Objectives: The primary aim of this study is to assess the role of lncARF (autophagy-related factor induced by Hcy) in Hcy induced-atherosclerosis and related mechanism.
Methods: RNA sequencing of foam cells treated with Hcy revealed a novel specific long noncoding RNA called lncARF. Locked nucleic acid gapmeRs-mediated lncARF knockdown was used to explore the role of lncARF both in vivo and in vitro. Mass spectrometry, RNA pull-down and RNA immunoprecipitation (RIP) assays were employed to uncover a mechanistic role of lncARF. Mass array assay and chromatin immunoprecipitation (ChIP) were used to detect the transcriptional activation of lncARF mediated by transcription factor. Clinically, receiver operating characteristic (ROC) curve analysis was used to assess the diagnostic value of lncARF in atherosclerotic patients with hyperhomocysteinemia (HHcy).

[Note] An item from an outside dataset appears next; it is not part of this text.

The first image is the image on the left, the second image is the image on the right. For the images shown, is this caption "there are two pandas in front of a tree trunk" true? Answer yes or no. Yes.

Results: We observed that the expression of lncARF was substantially upregulated in atherosclerotic plaques, and knockdown of lncARF decreased the formation of atherosclerotic lesions by promoting autophagy in foam cells. Mechanistically, lncARF physically binds to RRAGD and inhibits its ubiquitination, further activating the PI3K/Akt and MAPK signaling pathways. Moreover, in vitro experiments showed that transcription factor FosB inhibited the binding of DNMT1 at the lncARF promoter, leading to transcriptional activation through DNA hypomethylation. Clinically, lncARF expression was positively correlated with serum Hcy levels, and it could distinguish atherosclerotic patients with HHcy with a high area under the ROC curve, sensitivity and specificity.
Conclusions: Our study highlights the mechanisms of lncARF in protecting against the development of atherosclerosis involving the epigenetic modifications and RRAGD/PI3K/Akt and RRAGD/MAPK signaling pathways, which may provide novel diagnostic biomarkers to improve atherosclerosis treatment.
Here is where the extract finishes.